We sit in the patch like weeds, Wiz in dark coveralls, me in bib overalls, and she gliding about us like an ice-skater swallowing vitamins in jeans, pink halter-top, and a white floppy cap with fishing lures to hold back the hair. A burly tramp in green camouflage angles across the building yard stepping lightly at us under a sparse pack - he is the archetypal Viet Nam veteran.

"Mornin', Flintstone Kids," he greets in a gravely voice twixt missing incisors. Clown demands, "What's that mean?" He utters, "It's people who ride with plastic... ya know, credit cards. It's easy to see you ain't rail vets." The early morning insects buzz to fill a long silence.

"Say, lady, why don't you take a ride with a real train tramp to places that don't exist in your imagination." "Nah," she replies, "But thanks, buddy. I'm with these other Flintstones." The geezer examines her like a Belle Starr. "I'm the oldest hobo in the country!" he cries abruptly, but from his heart I hear great pride pulse. "Hey you," he hooks a finger at me. "Stand up so I can see what you're made of." At that Wiz fingers a screwdriver in his breast pocket for emergencies. I gaze back and reply, "I'm sitting comfortably." The Vet shrugs, "Don't get lost on the American gridiron, Flintstones. Good day!"

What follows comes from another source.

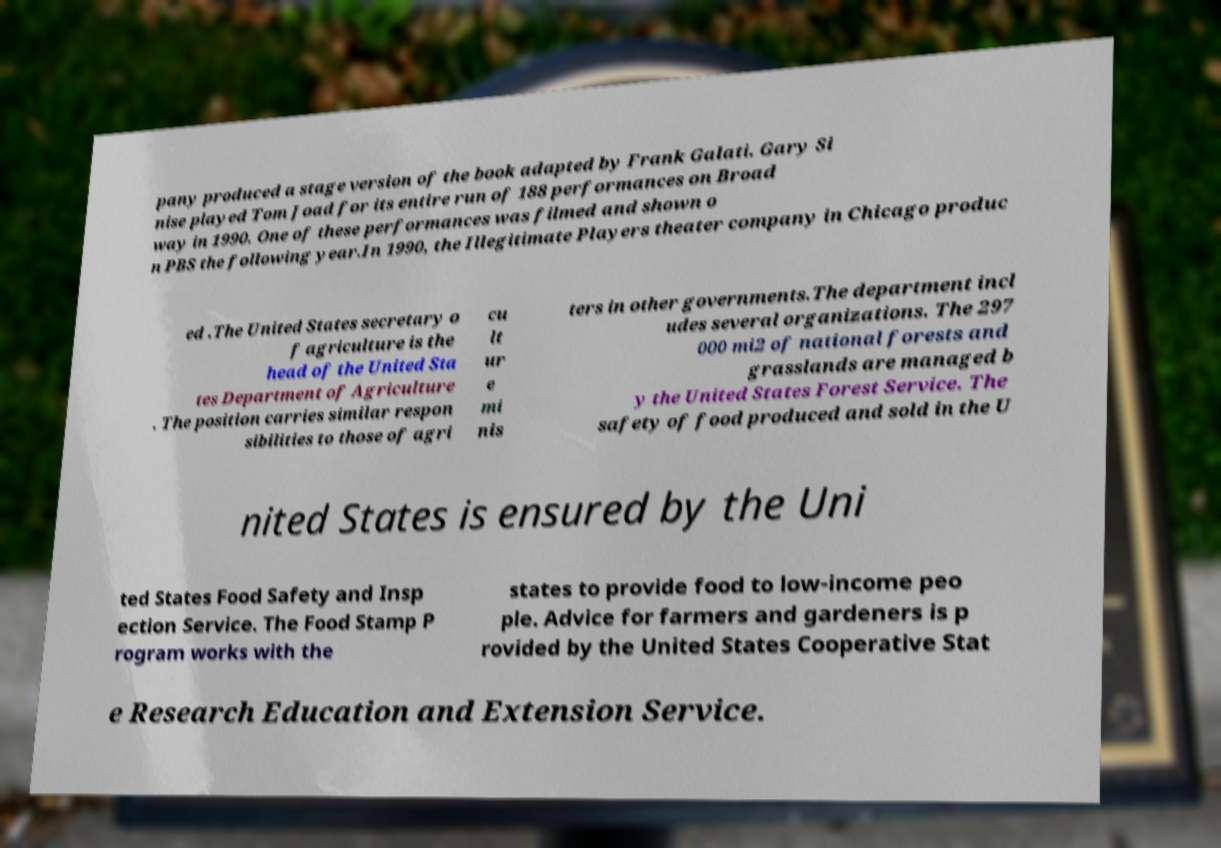Could you extract and type out the text from this image? pany produced a stage version of the book adapted by Frank Galati. Gary Si nise played Tom Joad for its entire run of 188 performances on Broad way in 1990. One of these performances was filmed and shown o n PBS the following year.In 1990, the Illegitimate Players theater company in Chicago produc ed .The United States secretary o f agriculture is the head of the United Sta tes Department of Agriculture . The position carries similar respon sibilities to those of agri cu lt ur e mi nis ters in other governments.The department incl udes several organizations. The 297 000 mi2 of national forests and grasslands are managed b y the United States Forest Service. The safety of food produced and sold in the U nited States is ensured by the Uni ted States Food Safety and Insp ection Service. The Food Stamp P rogram works with the states to provide food to low-income peo ple. Advice for farmers and gardeners is p rovided by the United States Cooperative Stat e Research Education and Extension Service.

War veterans have formed a strong contingent of rail riders beginning with the Civil War when soldiers, accustomed to camping out, foraging and traveling by trains, hoboed west after the battles end on the same right-of-way as the executives take. The railroads give today's Vet, who sifts for himself as well as his predecessors, the type of thrill he came to expect in Nam. Future wars will fill out the boxcar fraternity for as long as freights run.

Furthermore, a lone wolf's dream is to hobo with a woman for many reasons: Yard workers are freer with train information, the bull doesn't cause so many headaches, hitchhiking off the railroads is faster, shelters admit a husband or boyfriend together, families get firsts in food lines, and there's no end to the advantages. The catch-22 is that females profess the opposite view. A quick way to about-face a lady is to ask her if all this is true. The consequent issue is, is it safe for a female to jump freights alone? They're safer than males on the road because people ease their ways. There is an improbable worry of rape with so many worse things than that happening on the rails. So, I tell women the first time out to travel with a companion, and then she can go alone as many I've known have with flying colors.

"He's right, you know," I post my partners in the patch. "We're hobby hobos next to him."